So let’s take me as an example and pick on a few things that make me proud. I’m proud of the legacy we have for holding those in power to account, with the freedom to speak to power, challenge it and even satirise it. I love the parliamentary select committee structure for its ability to scrutinise our government from within. For decades on national television there were (and in the odd case still are) current affairs programs famous for holding those in power to account. Ministers no longer seem to care for such scrutiny in an age where they can curate their messages direct to Facebook undiluted by critique. (Take a look at the summaries for TW3, Panorama, The World at One, World In Action and Brian Walden’s forensic interviewing for Weekend World and elsewhere (bear in mind he was no ‘lefty’) for examples of programming that attempted to bring clarity to matters of public concern). There is no doubt we can scrutinise those in power.

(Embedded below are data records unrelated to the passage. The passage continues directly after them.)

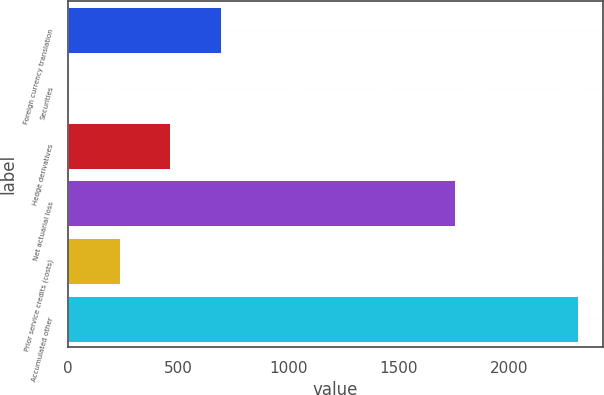Convert chart. <chart><loc_0><loc_0><loc_500><loc_500><bar_chart><fcel>Foreign currency translation<fcel>Securities<fcel>Hedge derivatives<fcel>Net actuarial loss<fcel>Prior service credits (costs)<fcel>Accumulated other<nl><fcel>695.8<fcel>3.7<fcel>465.1<fcel>1756.1<fcel>234.4<fcel>2310.7<nl></chart> 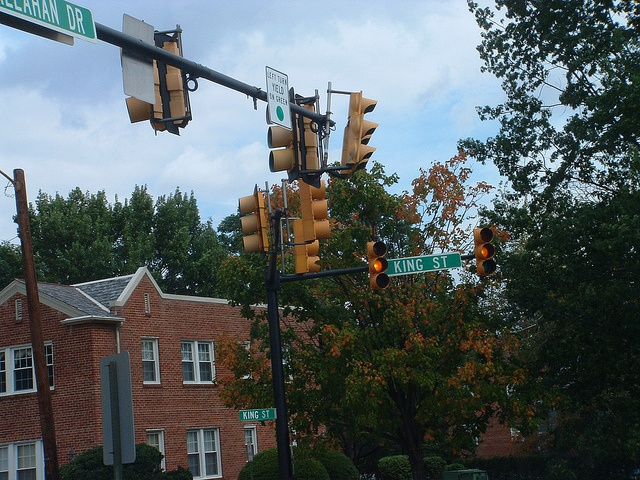Describe the objects in this image and their specific colors. I can see traffic light in teal, gray, tan, and black tones, traffic light in teal, maroon, brown, and gray tones, traffic light in teal, gray, and maroon tones, traffic light in teal, maroon, gray, and black tones, and traffic light in teal, black, gray, and maroon tones in this image. 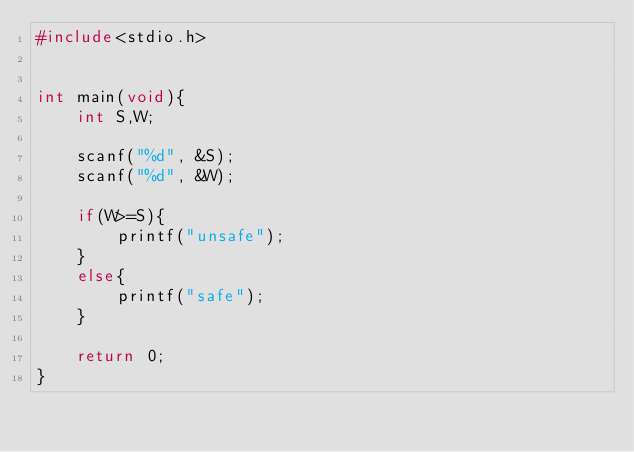<code> <loc_0><loc_0><loc_500><loc_500><_C_>#include<stdio.h>


int main(void){
    int S,W;

    scanf("%d", &S);
    scanf("%d", &W);

    if(W>=S){
        printf("unsafe");
    }
    else{
        printf("safe");
    }

    return 0;
}</code> 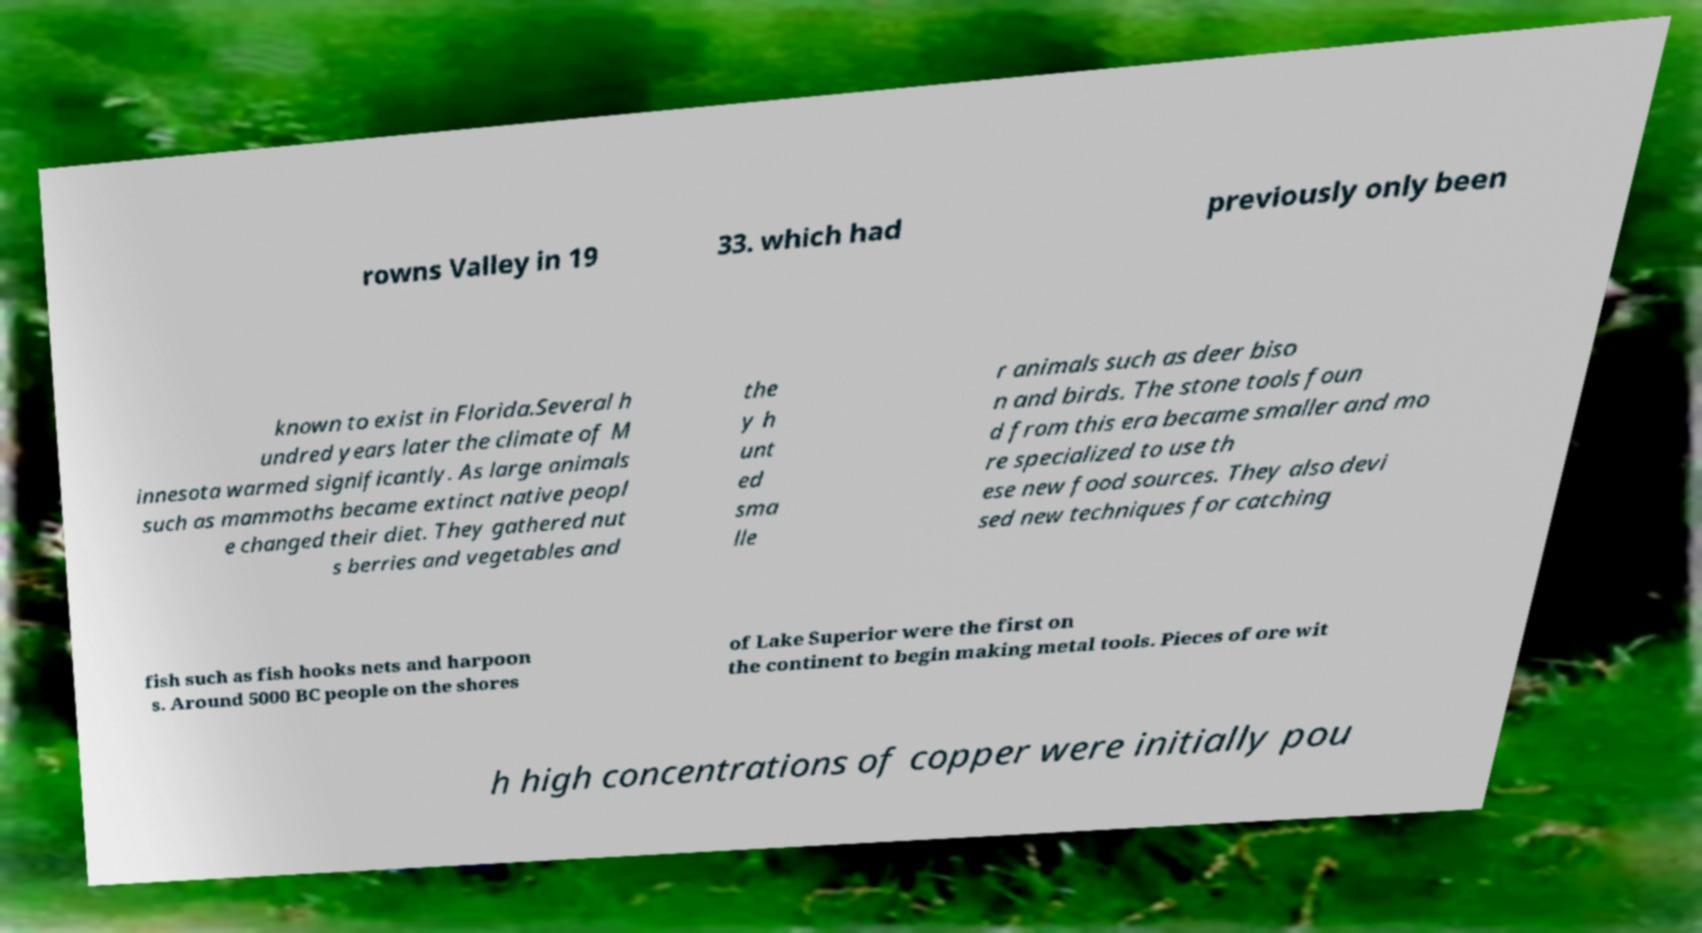There's text embedded in this image that I need extracted. Can you transcribe it verbatim? rowns Valley in 19 33. which had previously only been known to exist in Florida.Several h undred years later the climate of M innesota warmed significantly. As large animals such as mammoths became extinct native peopl e changed their diet. They gathered nut s berries and vegetables and the y h unt ed sma lle r animals such as deer biso n and birds. The stone tools foun d from this era became smaller and mo re specialized to use th ese new food sources. They also devi sed new techniques for catching fish such as fish hooks nets and harpoon s. Around 5000 BC people on the shores of Lake Superior were the first on the continent to begin making metal tools. Pieces of ore wit h high concentrations of copper were initially pou 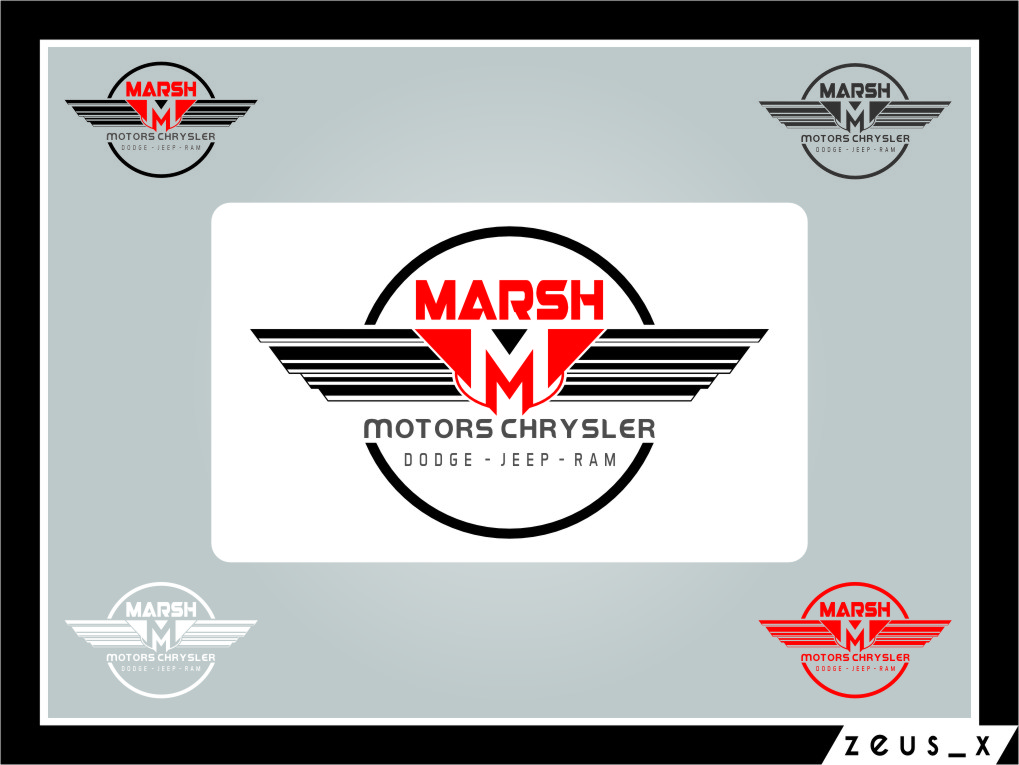How does the color scheme of the logo enhance its connection to the automotive industry? The color scheme of the logo, featuring bold red and black, enhances its automotive connection by conveying energy and strength. Red often symbolizes power and passion, qualities highly valued in the automotive industry. Black adds a level of sophistication and elegance. Together, these colors create a visually striking logo that stands out, asserting the brand's dynamic and high-performance identity typical in the car market. 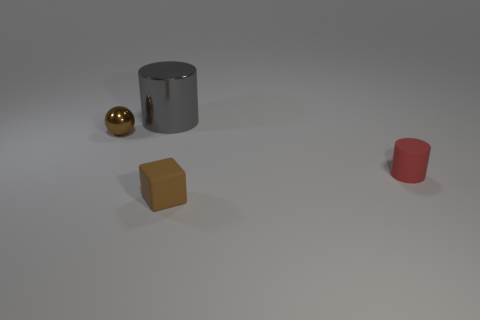There is a big gray thing that is made of the same material as the tiny brown ball; what is its shape?
Your answer should be compact. Cylinder. Is there any other thing of the same color as the large metal thing?
Ensure brevity in your answer.  No. There is a matte block that is the same color as the tiny metal sphere; what size is it?
Provide a succinct answer. Small. Is the number of tiny red cylinders that are behind the brown cube greater than the number of gray cylinders?
Your response must be concise. No. Does the tiny shiny thing have the same shape as the tiny matte thing left of the red rubber object?
Your answer should be compact. No. How many yellow cylinders have the same size as the brown ball?
Keep it short and to the point. 0. How many small things are behind the tiny brown object to the right of the metallic thing on the right side of the small brown ball?
Give a very brief answer. 2. Are there the same number of big metal objects that are left of the gray object and big metal cylinders in front of the small brown shiny ball?
Give a very brief answer. Yes. What number of large gray metallic things have the same shape as the brown metallic thing?
Offer a terse response. 0. Is there a tiny blue cube that has the same material as the brown ball?
Give a very brief answer. No. 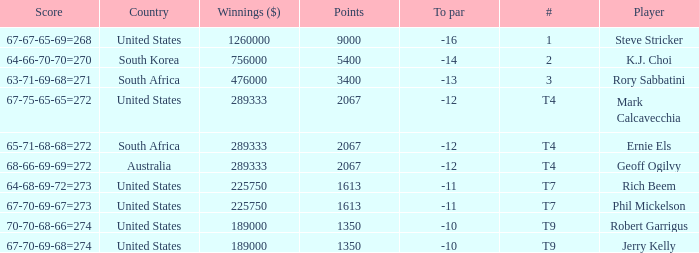Name the number of points for south korea 1.0. 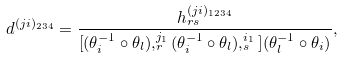<formula> <loc_0><loc_0><loc_500><loc_500>d ^ { ( j i ) _ { 2 3 4 } } = \frac { h _ { r s } ^ { ( j i ) _ { 1 2 3 4 } } } { [ ( \theta _ { i } ^ { - 1 } \circ \theta _ { l } ) , _ { r } ^ { j _ { 1 } } ( \theta _ { i } ^ { - 1 } \circ \theta _ { l } ) , _ { s } ^ { i _ { 1 } } ] ( \theta _ { l } ^ { - 1 } \circ \theta _ { i } ) } ,</formula> 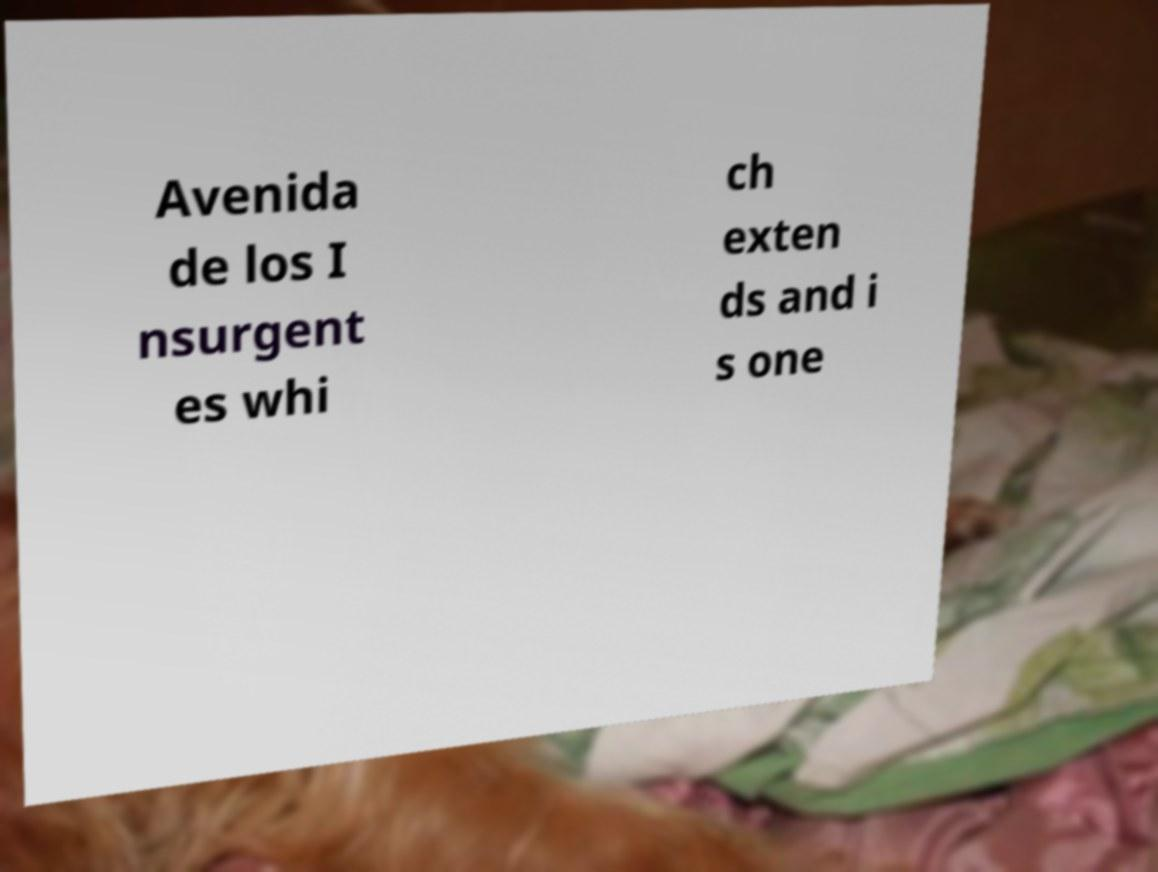Could you assist in decoding the text presented in this image and type it out clearly? Avenida de los I nsurgent es whi ch exten ds and i s one 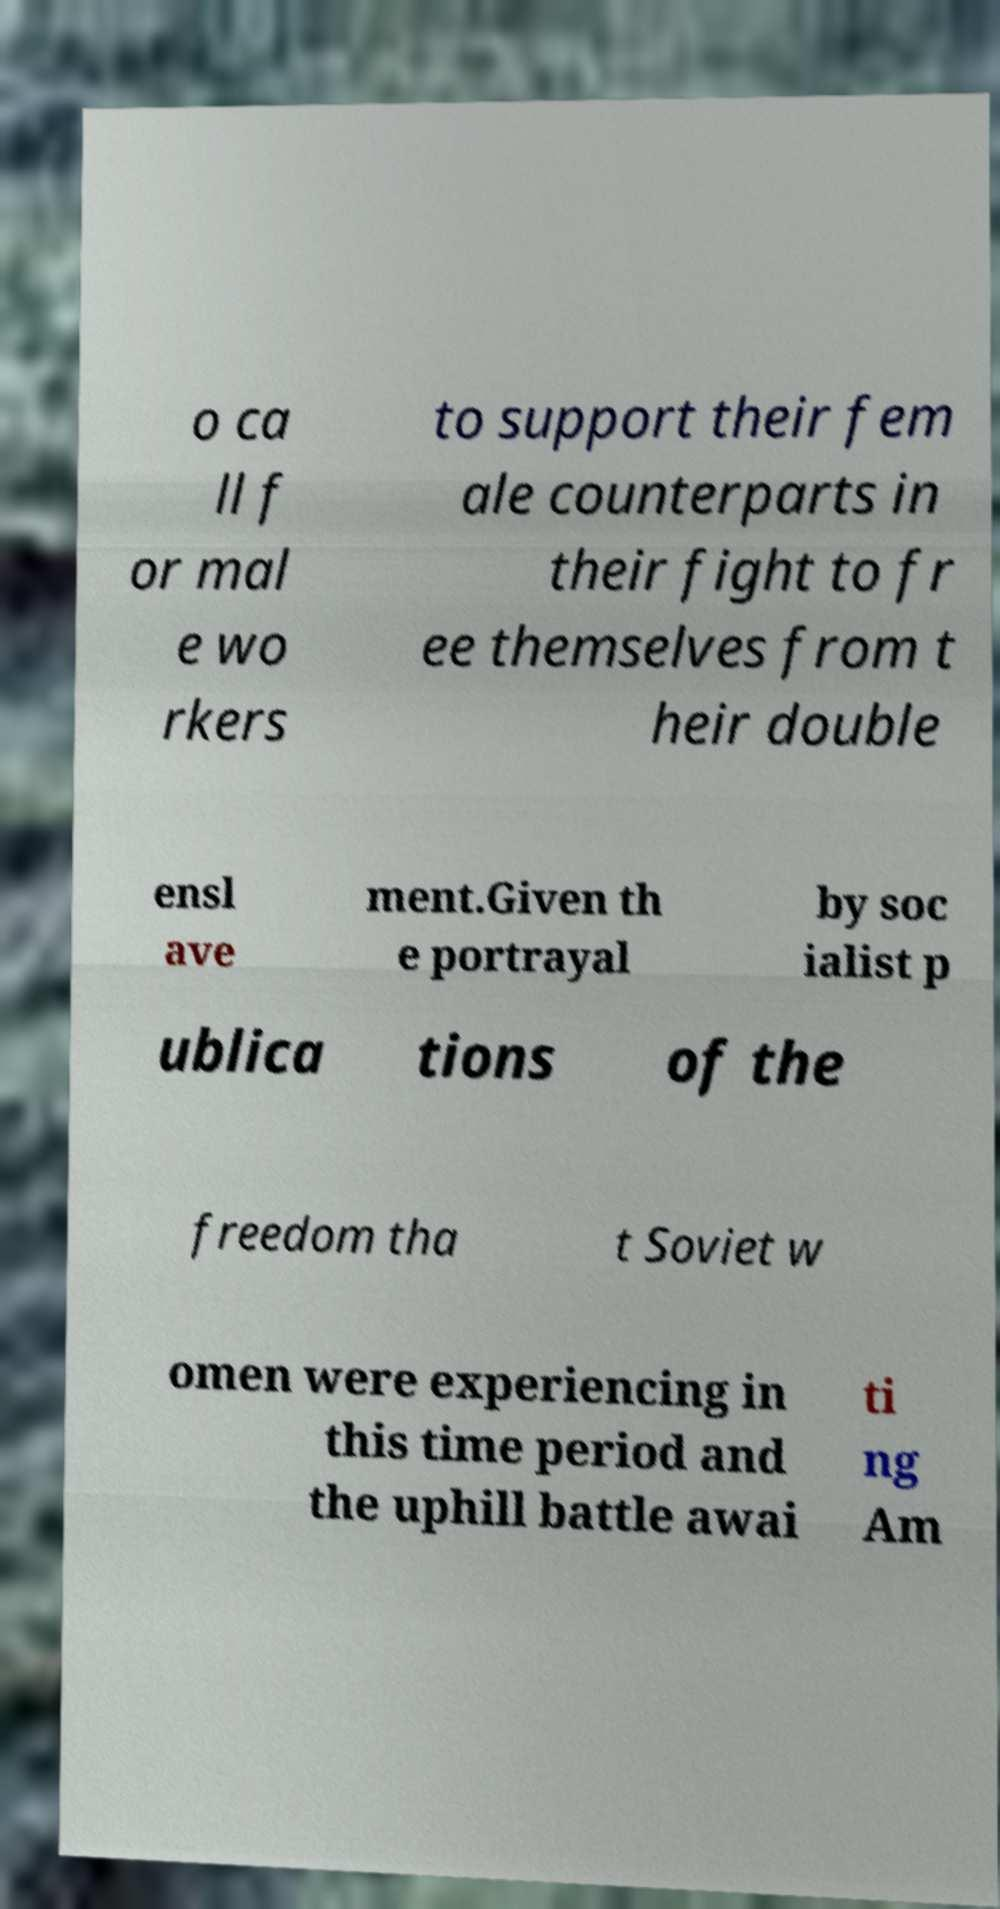I need the written content from this picture converted into text. Can you do that? o ca ll f or mal e wo rkers to support their fem ale counterparts in their fight to fr ee themselves from t heir double ensl ave ment.Given th e portrayal by soc ialist p ublica tions of the freedom tha t Soviet w omen were experiencing in this time period and the uphill battle awai ti ng Am

Who among us would want it otherwise except those who seek to exercise power on our behalf without oversight, i.e. the corrupt?
The image of Stormzy above represents to me also the freedom of expression we have in the arts, another source of pride. We are renowned for a sophisticated, daring and diverse culture. In regards to both freedoms I’m particularly proud of the BBC. Its existence may well be bemoaned by those to the left and right of centre, but Stormzy in Glastonbury was on the BBC the night before The Archers continued to entertain its own long-running and far different cultural niche the next morning. This is the BBC speaking to all of Britain in a nutshell. There’s nothing particularly partisan about its news output, either, much as I believed there was.1 2
What else am I proud of being British for? I’m proud we have strong gun control and the NHS. I’m proud to be Welsh because, er, Welsh. I like that citizens of this country have done so much through political activism for women’s rights, gay rights and worker’s rights, but I’m not proud of how much fight that took or how long it took. I am proud of Britain’s standing in the world, its reputation and contribution, in particular its stand against fascism, but I’m not proud of what it took to get us here regarding the awful human costs of our empire. I’m proud of the fact we can openly scrutinise the latter and yet not so proud that the capabilities of our educational, social and political institutions the wealth of that empire built are not yielding the same ‘white heat’ of progress that the industrial revolution forged. It feels like we’re stagnating.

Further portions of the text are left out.